Wikileaks: Quito sfida Londra, asilo diplomatico a Assange

E’ ormai crisi aperta tra Londra e Quito. Il governo dell’Ecuador ha deciso di concedere l’asilo a Julian Assange, rifugiato dal 19 giugno scorso nell’ambasciata ecuadoriana a Londra. Immediata la replica del governo britannico che ha detto di non voler concedere alcun salvacondotto al fondatore di Wikileaks e ha prospettato tempi molto lunghi per la soluzione della querelle, pur abbassando i toni sulle "minacce" alla sede diplomatica. A sua volta il governo svedese si è detto offeso dai dubbi espressi da Quito sull’imparzialità del suo sistema giudiziario, mentre, da oltreoceano, Washington fa sapere di non aver mai fatto pressioni né su Londra né su Stoccolma per mettere le mani su Julian Assange. L’intricata vicenda potrebbe finire davanti ai giudici della Corte internazionale di giustizia dell’Aja, cui i legali di Wikileaks intendono rivolgersi.

L’annuncio del ministro degli Esteri di Quito, Ricardo Patino, è arrivato nel primo pomeriggio (europeo): in conferenza stampa il ministro ha elencato undici punti che giustificano il provvedimento pro-Assange, contemplato dall’articolo 41 della costituzione ecuadoriana. Secondo Patino, il fondatore di WikiLeaks – ricercato dalla Svezia per due incriminazioni per stupro – "potrebbe essere vittima di una persecuzione politica conseguenza delle sue posizioni per la libertà di stampa e in qualsiasi momento potrebbe trovarsi in una situazione pericolosa per la sua vita, la sua sicurezza e la sua integrità personale".
L’annuncio è stato accolto con grida di giubilo e manifestazioni di entusiasmo da parte dei sostenitori di Assange radunati davanti all’ambasciata dell’Ecuador a Londra, sorvegliati da un importante dispositivo di polizia.
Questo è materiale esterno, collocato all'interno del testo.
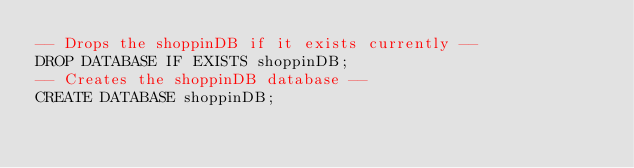Convert code to text. <code><loc_0><loc_0><loc_500><loc_500><_SQL_>-- Drops the shoppinDB if it exists currently --
DROP DATABASE IF EXISTS shoppinDB;
-- Creates the shoppinDB database --
CREATE DATABASE shoppinDB;
</code> 
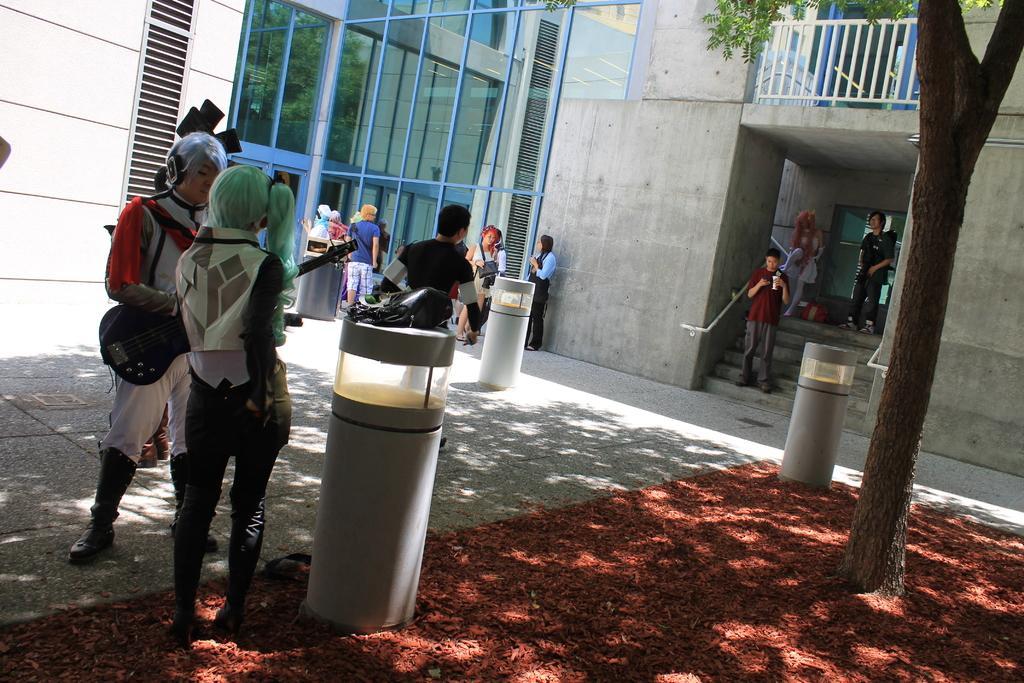How would you summarize this image in a sentence or two? On the right side there is a tree. Also there are poles. There are many people. And a person is wearing headphones and guitar. And there is a building with glass wall, steps and railing.

Immediata la replica: Londra "non intende garantire alcun salvacondotto a Julian Assange per uscire dal Regno Unito", né esiste "alcuna base legale che ci consentirebbe di farlo", ha chiarito il ministro degli Esteri britannico William Hague. "Il Regno Unito non riconosce il principio di asilo diplomatico", ha proseguito il capo del Foreign Office, che però ha ammorbidito i toni sulla ventilata irruzione alla sede diplomatica. Il ministro ha negato che sia mai esistita alcuna "minaccia" nei confronti dell’ambasciata dell’Ecuador a Londra ma ha poi sottolineato che la querelle "potrebbe andare avanti per un tempo considerevolmente lungo".
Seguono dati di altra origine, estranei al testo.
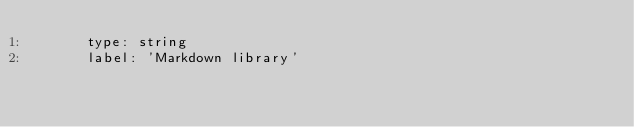Convert code to text. <code><loc_0><loc_0><loc_500><loc_500><_YAML_>      type: string
      label: 'Markdown library'
</code> 
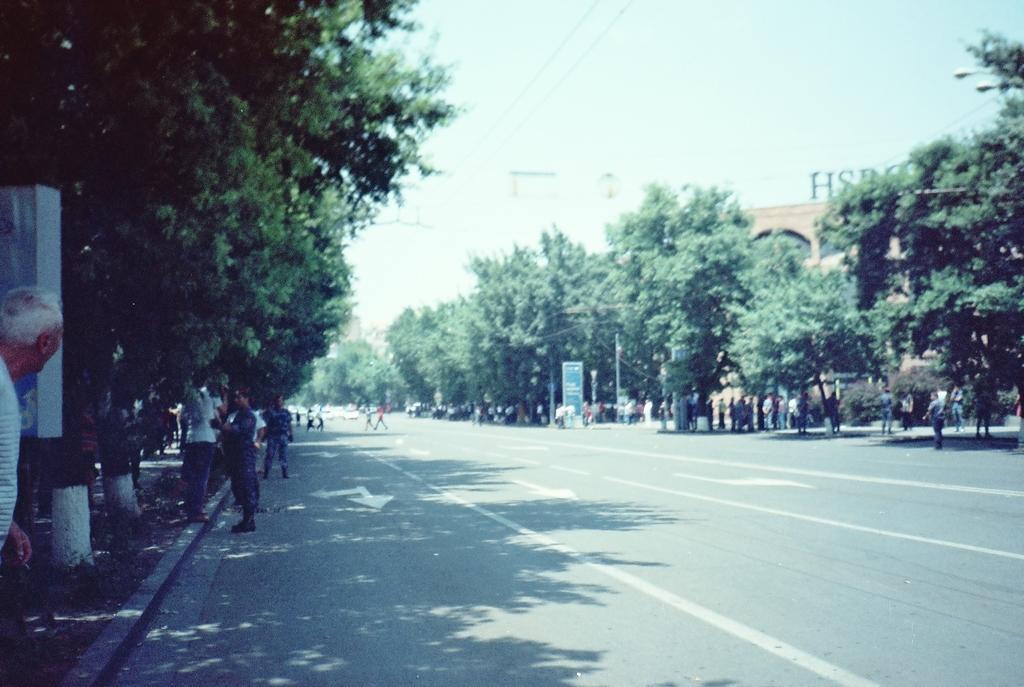Could you give a brief overview of what you see in this image? These are the trees, which are beside the road. I can see groups of people standing. This looks like a board. Here is the road. This is a building with a name board on it.

La Svezia intanto ha convocato l’ambasciatore ecuadoriano per ricevere spiegazioni sulle accuse di parzialità lanciate dal governo di Quito contro la giustizia svedese. "L’ambasciatore dell’Ecuador è atteso al ministero il prima possibile. Le accuse che (il ministero degli Esteri ecuadoriano) ha formulato sono gravi ed è inaccettabile che l’Ecuador voglia bloccare il processo giudiziario svedese e la cooperazione giudiziaria europea", ha dichiarato alla France Presse il portavoce del ministero svedese degli Affari Esteri, Anders Joerle. Assange è atteso in Svezia per per rispondere delle accuse di stupro e abusi sessuali; una corte britannica ha stabilito che Assange, rifugiato dal 19 giugno nell’ambasciata ecuadoriana a Londra, debba essere estradato.

Il governo americano dal canto suo ha smentito di essere in qualche modo coinvolto nella querelle internazionale che investe il fondatore di Wikileaks e nega di aver mai fatto pressioni su Londra per arrestare Julian Assange. "Si tratta di una questione tra i due paesi coinvolti e non abbiamo intenzione di intrometterci", ha detto Nuland.

La vicenda potrebbe approdare alla Corte Internazionale di Giustizia dell’Aja cui Quito potrebbe rivolgersi per costringere la Gran Bretagna a lasciar partire Julian Assange. "Mi sembra ovvio (…) che potremmo rivolgerci alla Corte Internazionale di Giustizia dell’Aja", ha dichiarato il ministero degli Esteri equadoriano. Oggi l’ex giudice spagnolo Baltasar Garzon, che ha assunto la difesa di Assange, ha detto di voler adire la Corte internazionale se Londra dovesse rifiutarsi di rilasciare un salvacondotto ad Assange per recarsi in Ecuador.